The idea of boosting is to gain prediction power from a large collection of simple models (decision trees) instead of building a single complex model. The trees in a gradient boosting model (GBM) are constructed consequentially in a stagewise fashion, compared with being constructed in parallel in a random-forest model. Each tree is introduced to compensate the residuals, or shortcomings of the previous tree, where the shortcomings are identified by negative gradients of a squared error loss function. The final model can be considered as a linear-­regression model with thousands of terms, where each term is a tree.

The missing-value issue is handled in GBMs with the construction of surrogate splits. The key step in a tree model is to choose which predictor to split on (and where) at each node. Nonmissing observations were used to identify the primary split, including the predictor and the optimal split point, and then a list of surrogate splits was formed that tries to mimic the split of data by the primary split. Surrogate splits are stored with the nodes and serve as a backup plan in the event of missing data. If the primary splitting predictor is missing in modeling or prediction, the surrogate splits will be used in order.
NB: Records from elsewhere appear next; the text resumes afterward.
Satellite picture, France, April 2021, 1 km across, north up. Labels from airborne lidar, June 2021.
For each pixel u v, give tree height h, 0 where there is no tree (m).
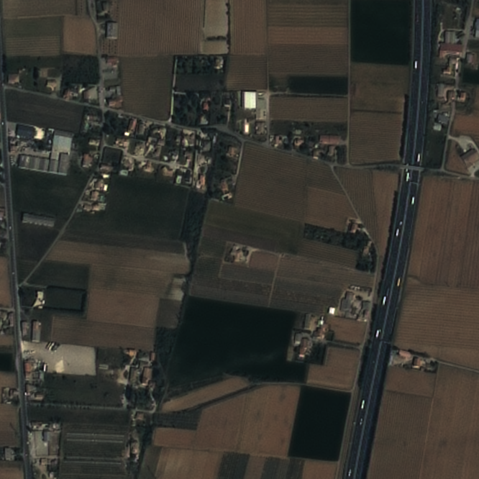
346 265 0
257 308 0
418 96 0
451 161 0
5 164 0
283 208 0
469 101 8
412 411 0
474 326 0
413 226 0
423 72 0
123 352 8
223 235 0
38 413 0
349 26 0
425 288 0
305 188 0
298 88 0
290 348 0
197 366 0
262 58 0
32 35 0
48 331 0
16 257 0
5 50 0
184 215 0
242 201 0
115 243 0
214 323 0
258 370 0
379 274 0
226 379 0
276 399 0
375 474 0
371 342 7
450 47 0
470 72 0
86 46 0
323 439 0
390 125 0
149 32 0
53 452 0
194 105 11
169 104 0
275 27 0
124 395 0
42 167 0
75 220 0
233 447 0
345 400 0
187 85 0
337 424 0
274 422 0
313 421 0
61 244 0
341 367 0
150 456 0
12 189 0
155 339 0
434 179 0
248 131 0
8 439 0
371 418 0
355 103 0
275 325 0
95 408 6
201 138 7
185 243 0
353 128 0
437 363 6
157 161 0
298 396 0
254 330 0
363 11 0
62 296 0
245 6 0
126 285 0
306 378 0
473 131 0
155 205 0
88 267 0
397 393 0
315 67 0
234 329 0
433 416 0
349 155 0
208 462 0
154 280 0
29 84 0
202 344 0
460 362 0
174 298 0
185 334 0
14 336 0
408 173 0
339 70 0
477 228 0
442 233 0
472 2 0
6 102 0
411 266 0
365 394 0
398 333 0
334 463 0
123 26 0
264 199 0
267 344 0
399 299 0
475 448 0
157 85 0
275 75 0
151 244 0
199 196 0
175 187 0
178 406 0
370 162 0
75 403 7
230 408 0
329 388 0
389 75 0
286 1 0
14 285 0
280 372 0
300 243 0
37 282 0
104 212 0
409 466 0
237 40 0
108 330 0
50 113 0
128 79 0
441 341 0
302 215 0
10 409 0
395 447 0
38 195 0
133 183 0
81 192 0
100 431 0
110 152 0
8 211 0
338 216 0
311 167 0
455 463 0
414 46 0
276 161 0
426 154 0
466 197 0
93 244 0
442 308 0
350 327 0
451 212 0
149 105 0
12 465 0
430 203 0
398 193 7
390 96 0
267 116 0
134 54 0
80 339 0
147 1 0
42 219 0
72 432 0
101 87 0
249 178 0
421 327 0
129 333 0
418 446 0
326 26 0
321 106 0
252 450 0
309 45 0
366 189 0
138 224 0
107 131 14
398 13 0
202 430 0
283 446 0
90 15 0
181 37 0
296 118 0
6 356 0
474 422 0
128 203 0
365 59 0
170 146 10
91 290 0
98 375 0
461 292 0
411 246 0
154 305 0
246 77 0
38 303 0
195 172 0
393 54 0
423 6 0
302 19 0
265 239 0
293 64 0
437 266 0
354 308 9
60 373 0
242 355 0
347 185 0
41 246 0
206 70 10
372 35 0
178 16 0
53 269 0
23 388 0
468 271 0
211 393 0
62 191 0
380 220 0
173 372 0
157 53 0
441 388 0
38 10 0
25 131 0
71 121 0
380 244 0
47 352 0
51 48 0
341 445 0
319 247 0
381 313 0
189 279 9
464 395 0

Conclusions and Discussions

Several methods were implemented on the Wolfcamp data set—OLS, SVM, random forest, and GBM. These methods have different tolerances for missing values, one of the more common issues in real-world data sets. OLS and SVM simply omit the data points with missing values. Random forest imputes missing values on the basis of the proximity of the data points, and GBM creates surrogate splits as a workaround in the event of missing data. The two tree-based methods are more resistant to missing values.

In terms of overall fit on the full data measured by average absolute error and mean squared error, random forest performed best among these methods, closely followed by GBM. SVM showed moderate improvement over OLS, which served as a benchmark model.

In each model, the predictor variables have different levels of contribution in predicting the target variable. In order to evaluate the variable importance in OLS and SVM and compare the ranking with those from random forest and GBM, we adopted a metric based on the ­coefficient-of-determination (R2) measure of goodness of fit. Each variable was removed systematically from OLS and SVM models one by one. The R2 of the reduced model was then compared with that of the full model, and the difference of R2, or the R2 loss, served as a measure of the importance of that variable.

Do data-mining methods matter? The short answer is yes. According to the practice on the Wolfcamp data set, tree-based methods, random forest and GBM, required less preprocessing time on the raw data. They were also more resistant to common data-quality issues and provided better predictions than others.

This article, written by Special Publications Editor Adam Wilson, contains highlights of paper SPE 173334, “Do Data-Mining Methods Matter? A Wolfcamp Shale Case Study,” by Ming Zhong, SPE, Baker Hughes; Jared Schuetter and Srikanta Mishra, SPE, Battelle Memorial Institute; and Randy F. LaFollette, SPE, Baker Hughes, prepared for the 2015 SPE Hydraulic Fracturing Technology Conference, The Woodlands, Texas, USA, 3–5 February. The paper has not been peer reviewed.